╭─ Material supplied

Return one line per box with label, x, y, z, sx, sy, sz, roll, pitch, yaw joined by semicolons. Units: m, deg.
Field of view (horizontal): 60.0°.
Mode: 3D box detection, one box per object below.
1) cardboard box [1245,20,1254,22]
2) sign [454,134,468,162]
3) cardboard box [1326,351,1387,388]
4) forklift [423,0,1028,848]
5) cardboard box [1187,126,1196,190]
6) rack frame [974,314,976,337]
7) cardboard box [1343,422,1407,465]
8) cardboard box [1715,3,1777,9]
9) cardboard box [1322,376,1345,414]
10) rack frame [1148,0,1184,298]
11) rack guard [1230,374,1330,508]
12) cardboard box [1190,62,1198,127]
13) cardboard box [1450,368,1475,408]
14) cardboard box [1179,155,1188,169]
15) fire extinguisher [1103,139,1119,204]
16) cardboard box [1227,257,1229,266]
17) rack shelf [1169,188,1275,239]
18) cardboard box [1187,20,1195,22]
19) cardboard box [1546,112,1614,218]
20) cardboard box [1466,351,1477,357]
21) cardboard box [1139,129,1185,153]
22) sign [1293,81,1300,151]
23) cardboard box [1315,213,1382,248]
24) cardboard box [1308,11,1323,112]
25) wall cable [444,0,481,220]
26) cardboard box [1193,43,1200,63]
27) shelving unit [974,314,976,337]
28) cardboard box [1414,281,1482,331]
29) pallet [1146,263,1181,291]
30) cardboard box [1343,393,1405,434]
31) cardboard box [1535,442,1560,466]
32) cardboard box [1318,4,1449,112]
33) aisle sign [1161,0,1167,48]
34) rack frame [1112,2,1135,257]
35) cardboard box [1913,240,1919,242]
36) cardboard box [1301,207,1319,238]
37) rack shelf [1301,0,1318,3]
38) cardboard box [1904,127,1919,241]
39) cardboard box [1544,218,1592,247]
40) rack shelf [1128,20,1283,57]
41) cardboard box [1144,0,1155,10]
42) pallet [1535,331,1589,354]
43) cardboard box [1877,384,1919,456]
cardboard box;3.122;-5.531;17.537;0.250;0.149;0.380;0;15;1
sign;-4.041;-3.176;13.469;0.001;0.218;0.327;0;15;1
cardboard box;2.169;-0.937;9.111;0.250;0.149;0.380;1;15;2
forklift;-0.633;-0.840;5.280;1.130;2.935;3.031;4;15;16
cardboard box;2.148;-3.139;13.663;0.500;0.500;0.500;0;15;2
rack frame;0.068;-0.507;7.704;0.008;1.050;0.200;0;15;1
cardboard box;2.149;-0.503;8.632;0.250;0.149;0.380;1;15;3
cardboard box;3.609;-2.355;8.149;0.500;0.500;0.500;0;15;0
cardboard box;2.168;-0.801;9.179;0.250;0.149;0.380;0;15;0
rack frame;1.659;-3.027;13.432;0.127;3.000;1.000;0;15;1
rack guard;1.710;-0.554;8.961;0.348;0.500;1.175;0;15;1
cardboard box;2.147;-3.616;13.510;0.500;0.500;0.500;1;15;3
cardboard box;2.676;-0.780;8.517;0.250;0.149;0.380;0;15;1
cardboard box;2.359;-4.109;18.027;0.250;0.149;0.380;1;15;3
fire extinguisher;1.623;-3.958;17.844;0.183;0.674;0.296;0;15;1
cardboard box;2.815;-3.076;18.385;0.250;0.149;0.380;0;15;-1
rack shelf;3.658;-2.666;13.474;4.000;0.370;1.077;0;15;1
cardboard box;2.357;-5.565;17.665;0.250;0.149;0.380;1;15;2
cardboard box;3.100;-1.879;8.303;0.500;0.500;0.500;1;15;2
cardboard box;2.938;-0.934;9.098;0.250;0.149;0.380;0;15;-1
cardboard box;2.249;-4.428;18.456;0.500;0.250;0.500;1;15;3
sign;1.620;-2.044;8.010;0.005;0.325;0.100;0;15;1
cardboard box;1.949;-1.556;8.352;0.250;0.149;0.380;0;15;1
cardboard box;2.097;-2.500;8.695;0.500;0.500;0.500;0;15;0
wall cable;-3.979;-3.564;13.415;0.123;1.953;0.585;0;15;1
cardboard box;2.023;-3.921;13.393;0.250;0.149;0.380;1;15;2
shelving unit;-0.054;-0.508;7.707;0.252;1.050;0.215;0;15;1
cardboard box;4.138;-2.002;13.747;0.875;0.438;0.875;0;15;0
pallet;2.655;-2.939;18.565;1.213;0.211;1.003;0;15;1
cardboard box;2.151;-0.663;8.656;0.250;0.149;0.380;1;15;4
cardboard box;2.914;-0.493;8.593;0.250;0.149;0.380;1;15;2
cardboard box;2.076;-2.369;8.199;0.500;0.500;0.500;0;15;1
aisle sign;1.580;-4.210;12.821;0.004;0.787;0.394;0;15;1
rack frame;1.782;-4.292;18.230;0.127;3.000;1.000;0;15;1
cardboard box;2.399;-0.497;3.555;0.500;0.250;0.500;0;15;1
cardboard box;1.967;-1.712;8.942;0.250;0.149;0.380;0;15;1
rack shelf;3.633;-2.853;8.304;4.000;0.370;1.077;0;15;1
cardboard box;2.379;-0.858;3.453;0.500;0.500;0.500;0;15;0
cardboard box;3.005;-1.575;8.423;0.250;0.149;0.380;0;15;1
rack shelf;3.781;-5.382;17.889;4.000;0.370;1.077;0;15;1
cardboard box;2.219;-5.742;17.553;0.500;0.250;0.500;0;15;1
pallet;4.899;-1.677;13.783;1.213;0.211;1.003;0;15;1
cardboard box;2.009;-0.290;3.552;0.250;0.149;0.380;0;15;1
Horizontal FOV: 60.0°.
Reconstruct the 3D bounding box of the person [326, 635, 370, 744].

╰─

> _Work task_
Retype each of the records, word for word, with nothing added or dropped.

> _Final answer_
Return one line per box with label, x, y, z, sx, sy, sz, roll, pitch, yaw joined by semicolons. Units: m, deg.
Field of view (horizontal): 60.0°.
Mode: 3D box detection, one box per object below.
1) cardboard box [1245,20,1254,22]
2) sign [454,134,468,162]
3) cardboard box [1326,351,1387,388]
4) forklift [423,0,1028,848]
5) cardboard box [1187,126,1196,190]
6) rack frame [974,314,976,337]
7) cardboard box [1343,422,1407,465]
8) cardboard box [1715,3,1777,9]
9) cardboard box [1322,376,1345,414]
10) rack frame [1148,0,1184,298]
11) rack guard [1230,374,1330,508]
12) cardboard box [1190,62,1198,127]
13) cardboard box [1450,368,1475,408]
14) cardboard box [1179,155,1188,169]
15) fire extinguisher [1103,139,1119,204]
16) cardboard box [1227,257,1229,266]
17) rack shelf [1169,188,1275,239]
18) cardboard box [1187,20,1195,22]
19) cardboard box [1546,112,1614,218]
20) cardboard box [1466,351,1477,357]
21) cardboard box [1139,129,1185,153]
22) sign [1293,81,1300,151]
23) cardboard box [1315,213,1382,248]
24) cardboard box [1308,11,1323,112]
25) wall cable [444,0,481,220]
26) cardboard box [1193,43,1200,63]
27) shelving unit [974,314,976,337]
28) cardboard box [1414,281,1482,331]
29) pallet [1146,263,1181,291]
30) cardboard box [1343,393,1405,434]
31) cardboard box [1535,442,1560,466]
32) cardboard box [1318,4,1449,112]
33) aisle sign [1161,0,1167,48]
34) rack frame [1112,2,1135,257]
35) cardboard box [1913,240,1919,242]
36) cardboard box [1301,207,1319,238]
37) rack shelf [1301,0,1318,3]
38) cardboard box [1904,127,1919,241]
39) cardboard box [1544,218,1592,247]
40) rack shelf [1128,20,1283,57]
41) cardboard box [1144,0,1155,10]
42) pallet [1535,331,1589,354]
43) cardboard box [1877,384,1919,456]
cardboard box;3.122;-5.531;17.537;0.250;0.149;0.380;0;15;1
sign;-4.041;-3.176;13.469;0.001;0.218;0.327;0;15;1
cardboard box;2.169;-0.937;9.111;0.250;0.149;0.380;1;15;2
forklift;-0.633;-0.840;5.280;1.130;2.935;3.031;4;15;16
cardboard box;2.148;-3.139;13.663;0.500;0.500;0.500;0;15;2
rack frame;0.068;-0.507;7.704;0.008;1.050;0.200;0;15;1
cardboard box;2.149;-0.503;8.632;0.250;0.149;0.380;1;15;3
cardboard box;3.609;-2.355;8.149;0.500;0.500;0.500;0;15;0
cardboard box;2.168;-0.801;9.179;0.250;0.149;0.380;0;15;0
rack frame;1.659;-3.027;13.432;0.127;3.000;1.000;0;15;1
rack guard;1.710;-0.554;8.961;0.348;0.500;1.175;0;15;1
cardboard box;2.147;-3.616;13.510;0.500;0.500;0.500;1;15;3
cardboard box;2.676;-0.780;8.517;0.250;0.149;0.380;0;15;1
cardboard box;2.359;-4.109;18.027;0.250;0.149;0.380;1;15;3
fire extinguisher;1.623;-3.958;17.844;0.183;0.674;0.296;0;15;1
cardboard box;2.815;-3.076;18.385;0.250;0.149;0.380;0;15;-1
rack shelf;3.658;-2.666;13.474;4.000;0.370;1.077;0;15;1
cardboard box;2.357;-5.565;17.665;0.250;0.149;0.380;1;15;2
cardboard box;3.100;-1.879;8.303;0.500;0.500;0.500;1;15;2
cardboard box;2.938;-0.934;9.098;0.250;0.149;0.380;0;15;-1
cardboard box;2.249;-4.428;18.456;0.500;0.250;0.500;1;15;3
sign;1.620;-2.044;8.010;0.005;0.325;0.100;0;15;1
cardboard box;1.949;-1.556;8.352;0.250;0.149;0.380;0;15;1
cardboard box;2.097;-2.500;8.695;0.500;0.500;0.500;0;15;0
wall cable;-3.979;-3.564;13.415;0.123;1.953;0.585;0;15;1
cardboard box;2.023;-3.921;13.393;0.250;0.149;0.380;1;15;2
shelving unit;-0.054;-0.508;7.707;0.252;1.050;0.215;0;15;1
cardboard box;4.138;-2.002;13.747;0.875;0.438;0.875;0;15;0
pallet;2.655;-2.939;18.565;1.213;0.211;1.003;0;15;1
cardboard box;2.151;-0.663;8.656;0.250;0.149;0.380;1;15;4
cardboard box;2.914;-0.493;8.593;0.250;0.149;0.380;1;15;2
cardboard box;2.076;-2.369;8.199;0.500;0.500;0.500;0;15;1
aisle sign;1.580;-4.210;12.821;0.004;0.787;0.394;0;15;1
rack frame;1.782;-4.292;18.230;0.127;3.000;1.000;0;15;1
cardboard box;2.399;-0.497;3.555;0.500;0.250;0.500;0;15;1
cardboard box;1.967;-1.712;8.942;0.250;0.149;0.380;0;15;1
rack shelf;3.633;-2.853;8.304;4.000;0.370;1.077;0;15;1
cardboard box;2.379;-0.858;3.453;0.500;0.500;0.500;0;15;0
cardboard box;3.005;-1.575;8.423;0.250;0.149;0.380;0;15;1
rack shelf;3.781;-5.382;17.889;4.000;0.370;1.077;0;15;1
cardboard box;2.219;-5.742;17.553;0.500;0.250;0.500;0;15;1
pallet;4.899;-1.677;13.783;1.213;0.211;1.003;0;15;1
cardboard box;2.009;-0.290;3.552;0.250;0.149;0.380;0;15;1
Horizontal FOV: 60.0°.
Reconstruct the 3D bounding box of the person [326, 635, 370, 744].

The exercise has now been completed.